■ Problem statement: If a line of the data below contains the string "Turquoise", copy it into your answer.

■ Supplied material:
= Beginning of Section =

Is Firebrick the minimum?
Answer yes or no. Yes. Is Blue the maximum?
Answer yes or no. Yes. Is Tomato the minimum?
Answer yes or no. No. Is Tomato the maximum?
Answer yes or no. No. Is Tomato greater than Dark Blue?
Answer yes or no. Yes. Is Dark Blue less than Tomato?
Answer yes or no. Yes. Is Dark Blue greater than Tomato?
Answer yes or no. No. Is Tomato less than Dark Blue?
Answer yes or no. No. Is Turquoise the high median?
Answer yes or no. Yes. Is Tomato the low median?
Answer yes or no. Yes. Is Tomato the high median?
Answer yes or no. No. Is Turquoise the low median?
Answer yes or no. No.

= End of Section =

■ Final answer:
Answer yes or no. No. Is Turquoise the high median?
Answer yes or no. No. Is Turquoise the low median?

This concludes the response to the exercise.